▸ EXERCISE
Exact copies of all the lines below are required, with the pictures omitted.

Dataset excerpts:
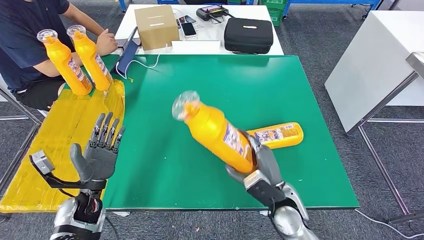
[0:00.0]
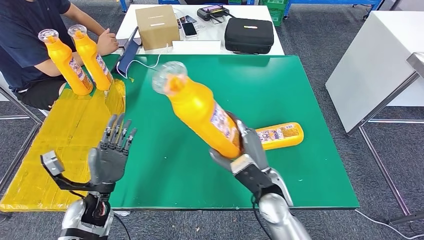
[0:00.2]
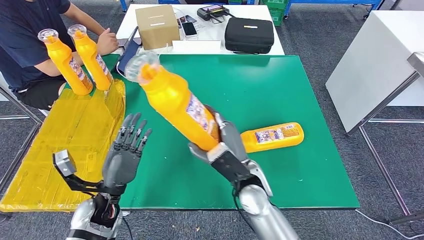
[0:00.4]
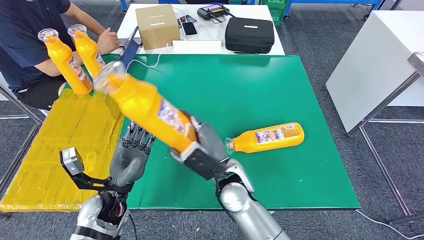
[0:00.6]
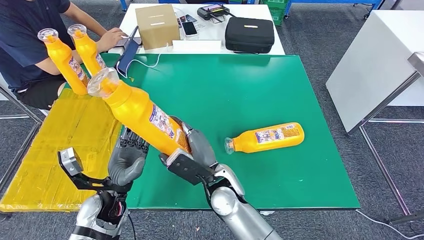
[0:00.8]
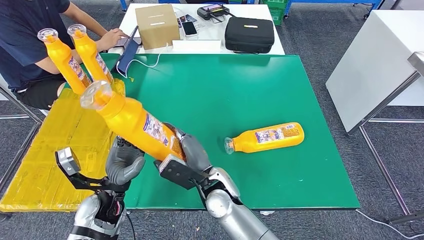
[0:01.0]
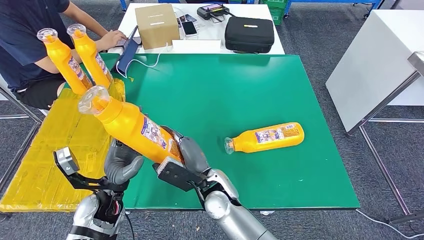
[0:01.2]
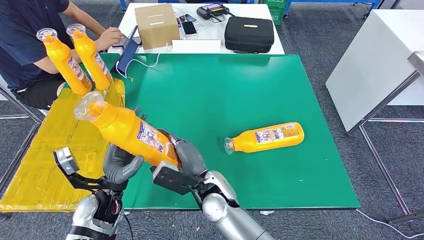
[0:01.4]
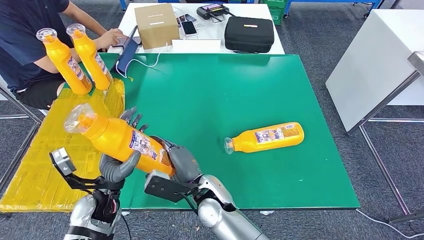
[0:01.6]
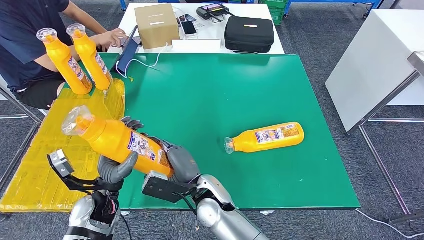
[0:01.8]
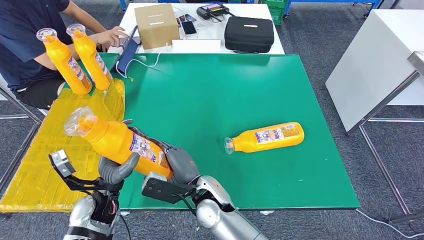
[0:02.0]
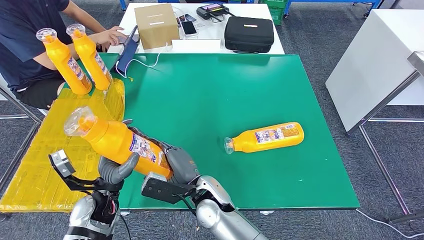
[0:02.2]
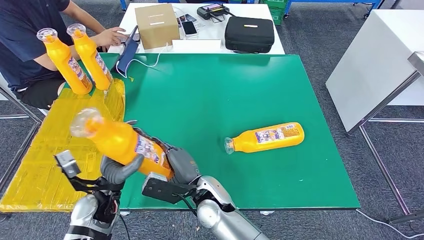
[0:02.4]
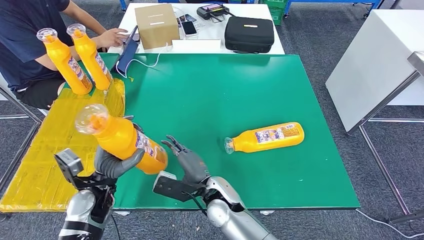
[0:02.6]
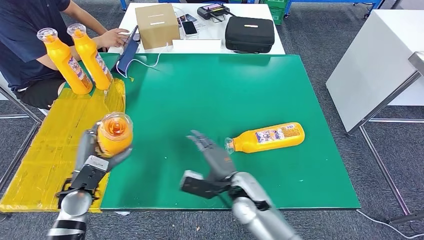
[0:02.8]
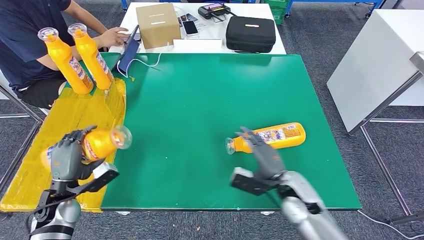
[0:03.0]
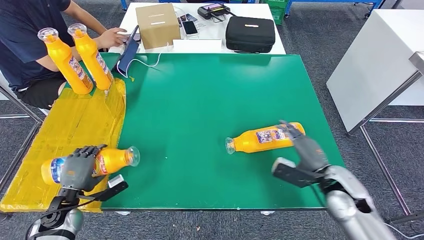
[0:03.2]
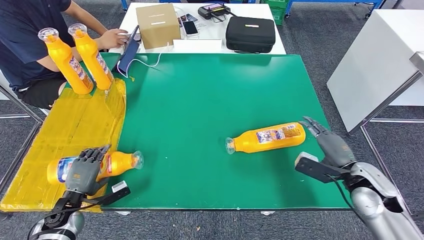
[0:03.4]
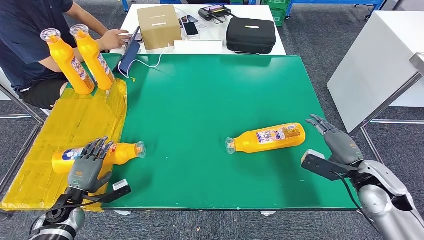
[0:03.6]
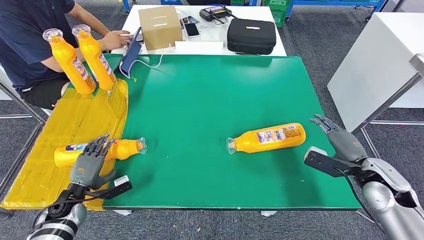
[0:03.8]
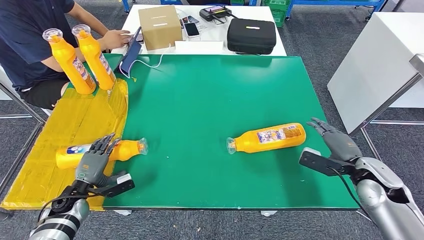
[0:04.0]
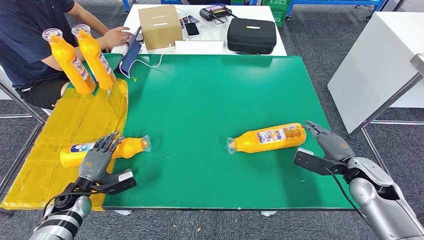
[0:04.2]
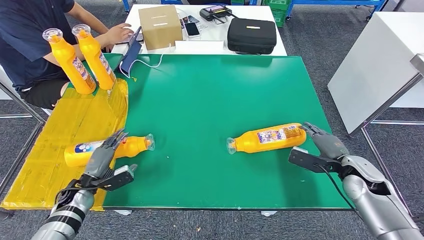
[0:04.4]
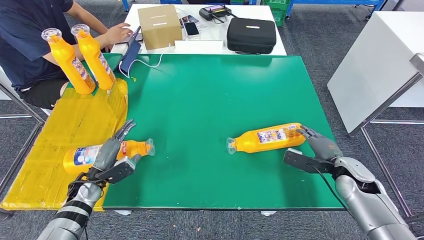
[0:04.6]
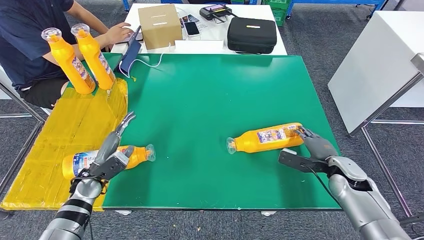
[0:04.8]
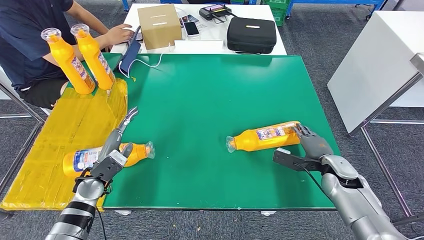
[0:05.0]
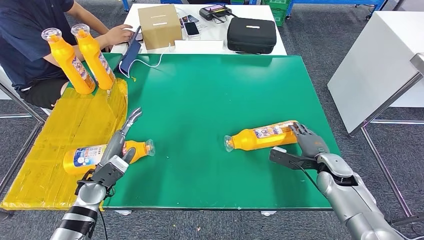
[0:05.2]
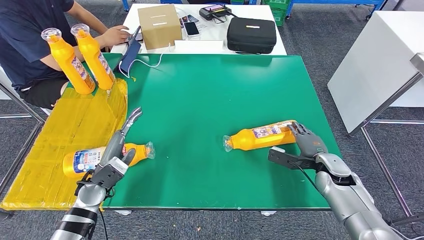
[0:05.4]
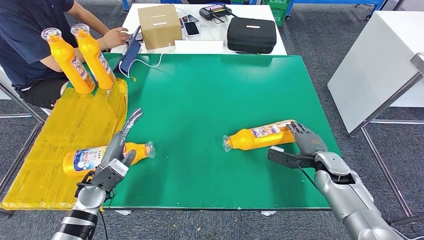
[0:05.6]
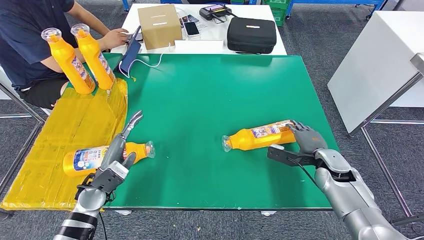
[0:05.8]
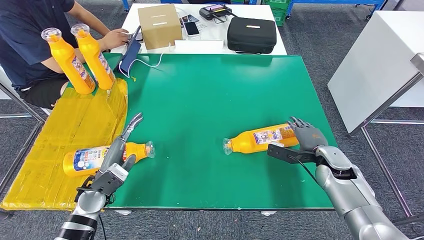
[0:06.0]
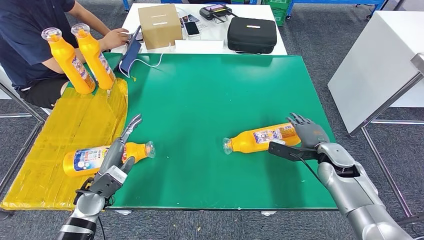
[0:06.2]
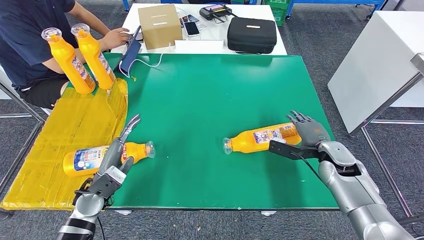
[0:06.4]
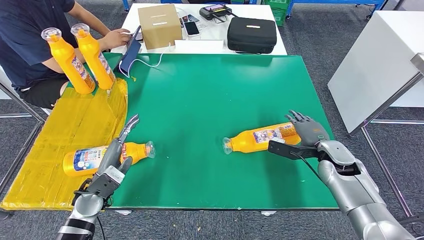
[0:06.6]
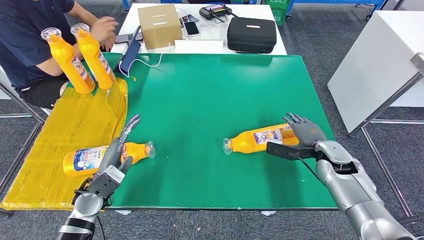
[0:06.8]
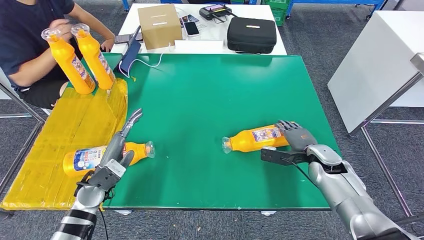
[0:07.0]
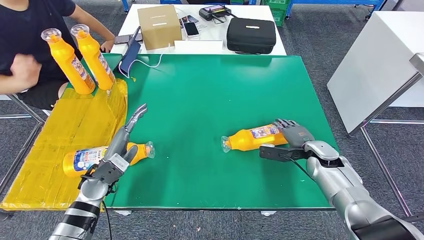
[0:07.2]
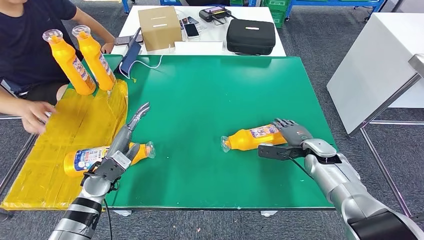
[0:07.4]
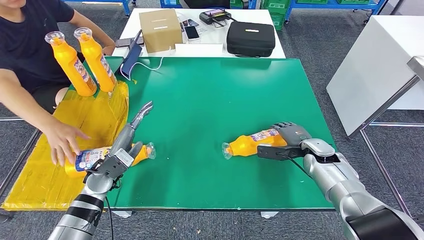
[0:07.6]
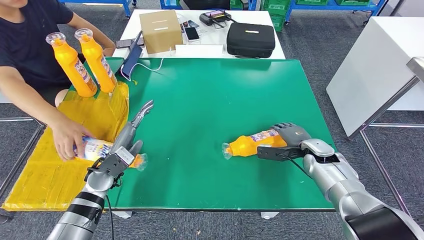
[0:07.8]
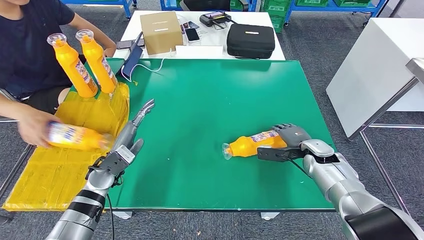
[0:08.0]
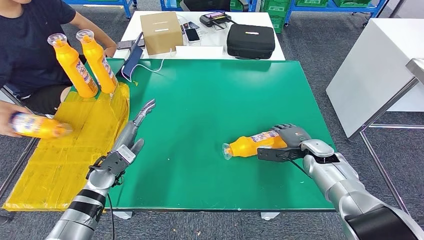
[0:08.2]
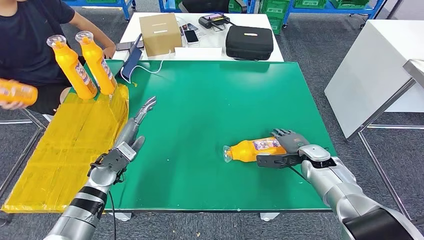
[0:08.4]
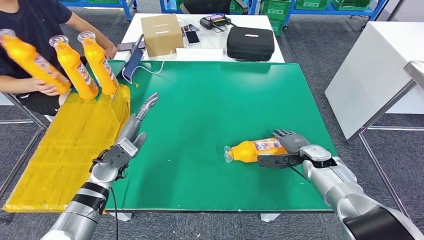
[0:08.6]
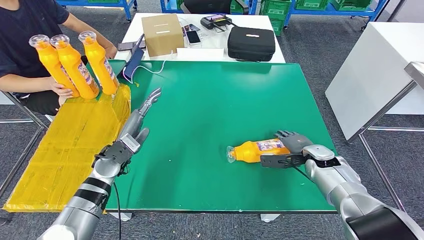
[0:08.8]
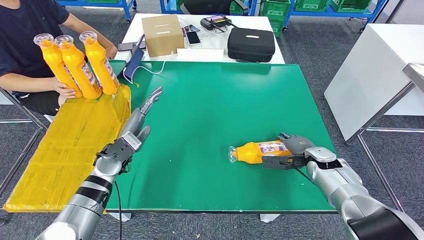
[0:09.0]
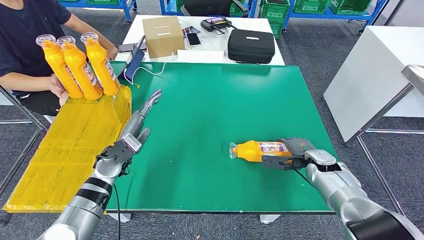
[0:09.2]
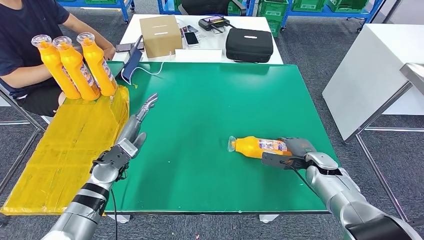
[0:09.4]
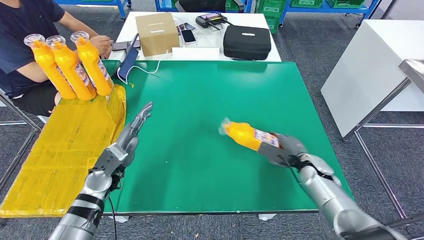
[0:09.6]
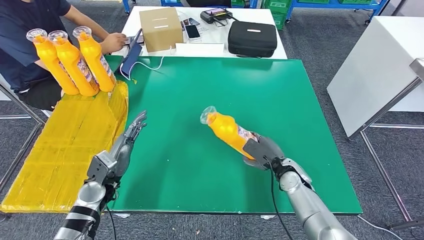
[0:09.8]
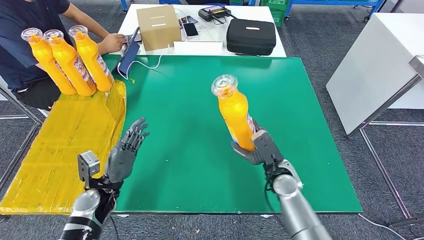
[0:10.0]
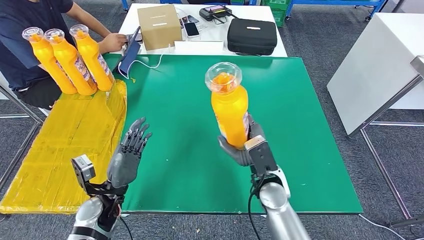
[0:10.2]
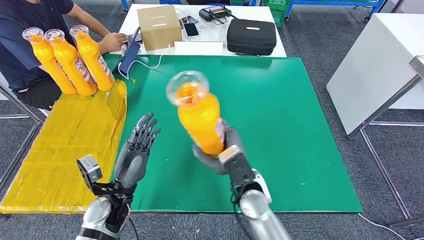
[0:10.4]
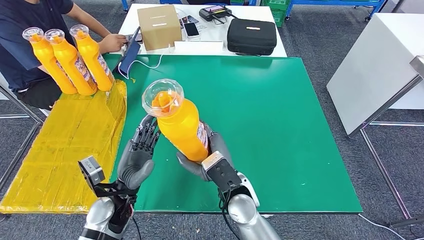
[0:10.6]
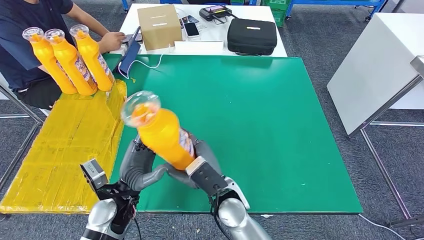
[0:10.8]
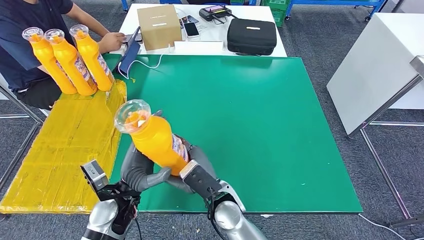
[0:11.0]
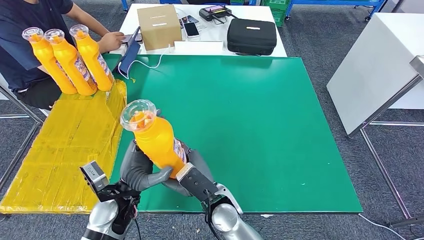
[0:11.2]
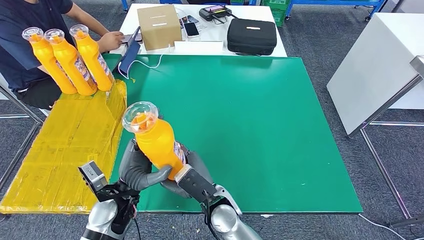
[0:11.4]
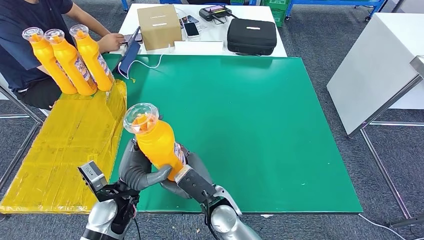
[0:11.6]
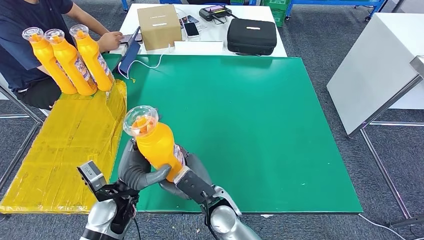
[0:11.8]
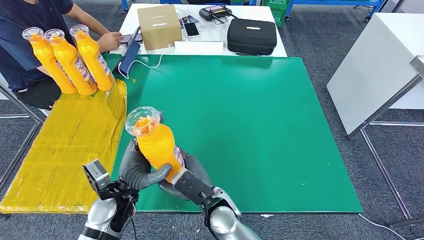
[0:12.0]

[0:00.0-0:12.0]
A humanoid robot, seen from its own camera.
Step, 0:01.2 to 0:04.8: Flip the fast-moving consumer goods bottle to the front side.
Step, 0:07.8 to 0:10.6: Pick up the fast-moving consumer goods bottle from the table.
0:04.4 to 0:06.0: The left hand moves to the right and upward, about 10 cm. Meanwhile the right hand shifts by some 5 cm.
0:10.4 to 0:12.0: The right hand is displaced to the left by about 5 cm.

▸ REPLY
[0:00.0]
[0:00.2]
[0:00.4]
[0:00.6]
[0:00.8]
[0:01.0]
[0:01.2]
[0:01.4]
[0:01.6]
[0:01.8]
[0:02.0]
[0:02.2]
[0:02.4]
[0:02.6]
[0:02.8]
[0:03.0]
[0:03.2]
[0:03.4]
[0:03.6]
[0:03.8]
[0:04.0]
[0:04.2]
[0:04.4]
[0:04.6]
[0:04.8]
[0:05.0]
[0:05.2]
[0:05.4]
[0:05.6]
[0:05.8]
[0:06.0]
[0:06.2]
[0:06.4]
[0:06.6]
[0:06.8]
[0:07.0]
[0:07.2]
[0:07.4]
[0:07.6]
[0:07.8]
[0:08.0]
[0:08.2]
[0:08.4]
[0:08.6]
[0:08.8]
[0:09.0]
[0:09.2]
[0:09.4]
[0:09.6]
[0:09.8]
[0:10.0]
[0:10.2]
[0:10.4]
[0:10.6]
[0:10.8]
[0:11.0]
[0:11.2]
[0:11.4]
[0:11.6]
[0:11.8]
[0:12.0]

[0:00.0-0:12.0]
A humanoid robot, seen from its own camera.
Step, 0:01.2 to 0:04.8: Flip the fast-moving consumer goods bottle to the front side.
Step, 0:07.8 to 0:10.6: Pick up the fast-moving consumer goods bottle from the table.
0:04.4 to 0:06.0: The left hand moves to the right and upward, about 10 cm. Meanwhile the right hand shifts by some 5 cm.
0:10.4 to 0:12.0: The right hand is displaced to the left by about 5 cm.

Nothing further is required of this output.